Leaving out the pictures, output each record exactly as it stands.

**Record set**
----

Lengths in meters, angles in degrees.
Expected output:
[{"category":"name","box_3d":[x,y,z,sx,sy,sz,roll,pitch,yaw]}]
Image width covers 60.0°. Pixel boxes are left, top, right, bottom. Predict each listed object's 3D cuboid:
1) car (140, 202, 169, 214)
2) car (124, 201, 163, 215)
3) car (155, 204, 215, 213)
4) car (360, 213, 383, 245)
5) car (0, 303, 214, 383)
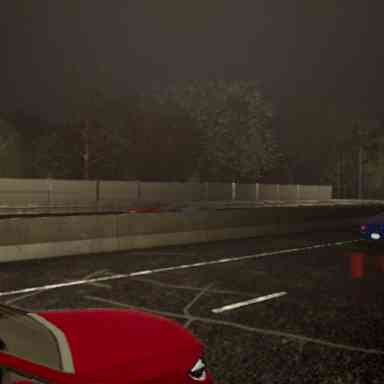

----

**Answer to this task**
Lengths in meters, angles in degrees.
Expected output:
[{"category":"name","box_3d":[x,y,z,sx,sy,sz,roll,pitch,yaw]}]
Image width covers 60.0°. Pixel boxes are left, top, right, bottom. Predict each listed object's 3D cuboid:
1) car (140, 202, 169, 214)
2) car (124, 201, 163, 215)
3) car (155, 204, 215, 213)
4) car (360, 213, 383, 245)
5) car (0, 303, 214, 383)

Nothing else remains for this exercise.